Page MenuHomePhabricator

Update wmfdata to use sensible Spark settings
Closed, ResolvedPublic

Description

Currently, when wmfdata creates spark sessions, it doesn't pass any settings other than the HTTP proxy, so the defaults are used.

This can lead to poor performance in some situations, so we should offer multiple bundles of settings appropriate for different circumstances. It's not completely clear what the best settings are (T245897), but we have a reasonably good idea, so we should implement our best guess while we're waiting for that clarity.

Event Timeline

nshahquinn-wmf triaged this task as Medium priority.
nshahquinn-wmf created this task.

I've requested input from Analytics on their email list, and will push the update once I've heard from them.

In the meantime, if you're having trouble with wmfdata.hive (particularly Java memory errors), try rerunning it with modified Spark options as follows and let me know how it goes.

SPARK_CONFIG = {
    "spark.dynamicAllocation.maxExecutors": 128,
    "spark.executor.memory": "4g",
    "spark.executor.cores": 2
}

hive.run(QUERY, spark_config=SPARK_CONFIG)
elukey added a subscriber: elukey.

Explicitly adding the Analytics tag to get this task triaged.

Explicitly adding the Analytics tag to get this task triaged.

Thanks, @elukey! I'm trying to represent these various Spark issues better in Phab, so I've split my request to Analytics into T245897.

@JAllemandou can better davice but these settings probably need to be query/job specific. Doe snot seem like having common ones for all usages of the library is the best way to proceed.

@JAllemandou can better davice but these settings probably need to be query/job specific. Doe snot seem like having common ones for all usages of the library is the best way to proceed.

He already did in T245897 (thanks, @JAllemandou!). While it would be optimal for us to tune Spark separately for each query, our work involves a constant stream of one-off queries and it just isn't feasible. I think the most we can reasonably do is choose between 3-4 query "engines" (such as Presto, the Hive CLI, a "regular" Spark session, and a "large" Spark session) depending on the workload; feel free to comment on my plan for enabling that: T246060.

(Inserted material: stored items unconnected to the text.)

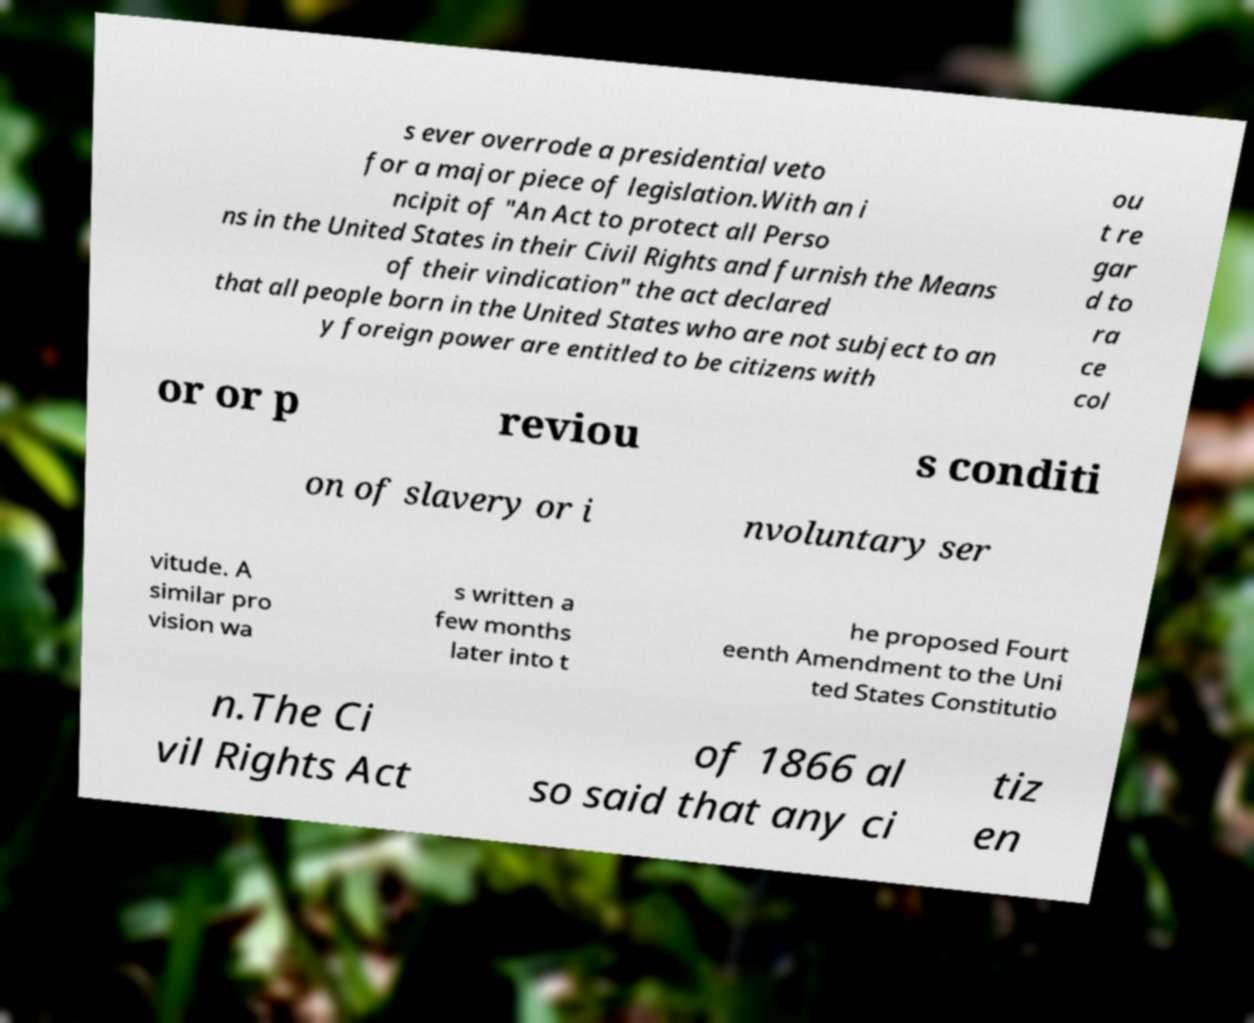Please read and relay the text visible in this image. What does it say? s ever overrode a presidential veto for a major piece of legislation.With an i ncipit of "An Act to protect all Perso ns in the United States in their Civil Rights and furnish the Means of their vindication" the act declared that all people born in the United States who are not subject to an y foreign power are entitled to be citizens with ou t re gar d to ra ce col or or p reviou s conditi on of slavery or i nvoluntary ser vitude. A similar pro vision wa s written a few months later into t he proposed Fourt eenth Amendment to the Uni ted States Constitutio n.The Ci vil Rights Act of 1866 al so said that any ci tiz en 
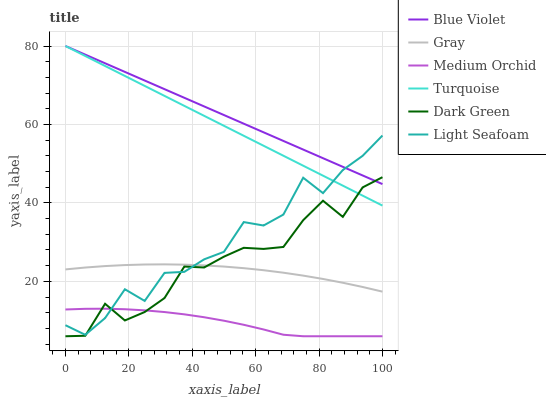Does Medium Orchid have the minimum area under the curve?
Answer yes or no. Yes. Does Blue Violet have the maximum area under the curve?
Answer yes or no. Yes. Does Turquoise have the minimum area under the curve?
Answer yes or no. No. Does Turquoise have the maximum area under the curve?
Answer yes or no. No. Is Blue Violet the smoothest?
Answer yes or no. Yes. Is Light Seafoam the roughest?
Answer yes or no. Yes. Is Turquoise the smoothest?
Answer yes or no. No. Is Turquoise the roughest?
Answer yes or no. No. Does Turquoise have the lowest value?
Answer yes or no. No. Does Blue Violet have the highest value?
Answer yes or no. Yes. Does Medium Orchid have the highest value?
Answer yes or no. No. Is Gray less than Turquoise?
Answer yes or no. Yes. Is Turquoise greater than Medium Orchid?
Answer yes or no. Yes. Does Gray intersect Turquoise?
Answer yes or no. No. 
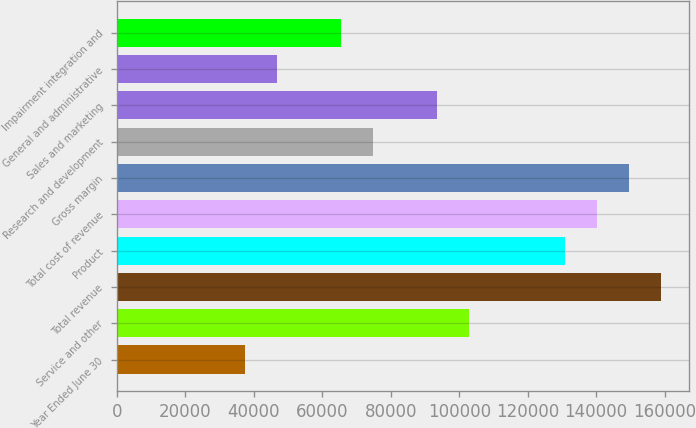Convert chart. <chart><loc_0><loc_0><loc_500><loc_500><bar_chart><fcel>Year Ended June 30<fcel>Service and other<fcel>Total revenue<fcel>Product<fcel>Total cost of revenue<fcel>Gross margin<fcel>Research and development<fcel>Sales and marketing<fcel>General and administrative<fcel>Impairment integration and<nl><fcel>37432.8<fcel>102938<fcel>159085<fcel>131012<fcel>140369<fcel>149727<fcel>74864.3<fcel>93580<fcel>46790.6<fcel>65506.4<nl></chart>

Also worth keeping in mind: when the number of options we have to juggle increases, so does the burden on your team in documenting the options and helping us debug problematic queries. "Use the Hive CLI for everything" is a lot easier to support than "follow this 25 step flow chart to decide how to run your query". 🙂

nshahquinn-wmf raised the priority of this task from Medium to High.Feb 26 2020, 6:52 PM
nshahquinn-wmf moved this task from Blocked to Doing on the Product-Analytics (Kanban) board.

The code is written, and is being reviewed along with the code for T246060!